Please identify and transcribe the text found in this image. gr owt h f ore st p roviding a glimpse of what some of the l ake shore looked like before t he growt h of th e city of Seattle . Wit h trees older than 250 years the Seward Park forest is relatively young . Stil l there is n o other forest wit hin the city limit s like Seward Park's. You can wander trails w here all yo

▬▬▬

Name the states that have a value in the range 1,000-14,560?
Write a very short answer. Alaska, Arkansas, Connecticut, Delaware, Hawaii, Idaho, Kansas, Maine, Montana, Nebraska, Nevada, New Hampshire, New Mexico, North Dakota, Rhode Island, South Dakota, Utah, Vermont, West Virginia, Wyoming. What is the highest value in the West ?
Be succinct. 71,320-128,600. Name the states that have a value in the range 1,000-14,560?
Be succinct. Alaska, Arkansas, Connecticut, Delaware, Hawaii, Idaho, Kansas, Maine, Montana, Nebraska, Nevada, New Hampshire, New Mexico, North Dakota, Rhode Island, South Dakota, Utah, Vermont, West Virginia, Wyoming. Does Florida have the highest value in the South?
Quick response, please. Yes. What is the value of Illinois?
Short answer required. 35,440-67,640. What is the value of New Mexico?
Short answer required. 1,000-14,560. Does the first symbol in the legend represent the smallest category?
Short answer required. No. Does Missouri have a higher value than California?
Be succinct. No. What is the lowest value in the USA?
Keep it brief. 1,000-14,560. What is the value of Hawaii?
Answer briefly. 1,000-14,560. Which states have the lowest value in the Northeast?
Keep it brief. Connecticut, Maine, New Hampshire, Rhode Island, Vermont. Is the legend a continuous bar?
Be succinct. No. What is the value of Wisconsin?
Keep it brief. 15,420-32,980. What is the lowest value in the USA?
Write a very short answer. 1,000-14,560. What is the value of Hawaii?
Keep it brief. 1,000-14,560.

▬▬▬

What you need to do -
In the material above, find each line that has the string "very" and return it.

Response for this exercise -
Write a very short answer. Alaska, Arkansas, Connecticut, Delaware, Hawaii, Idaho, Kansas, Maine, Montana, Nebraska, Nevada, New Hampshire, New Mexico, North Dakota, Rhode Island, South Dakota, Utah, Vermont, West Virginia, Wyoming. What is the highest value in the West ?
Write a very short answer. 1,000-14,560. What is the value of Hawaii?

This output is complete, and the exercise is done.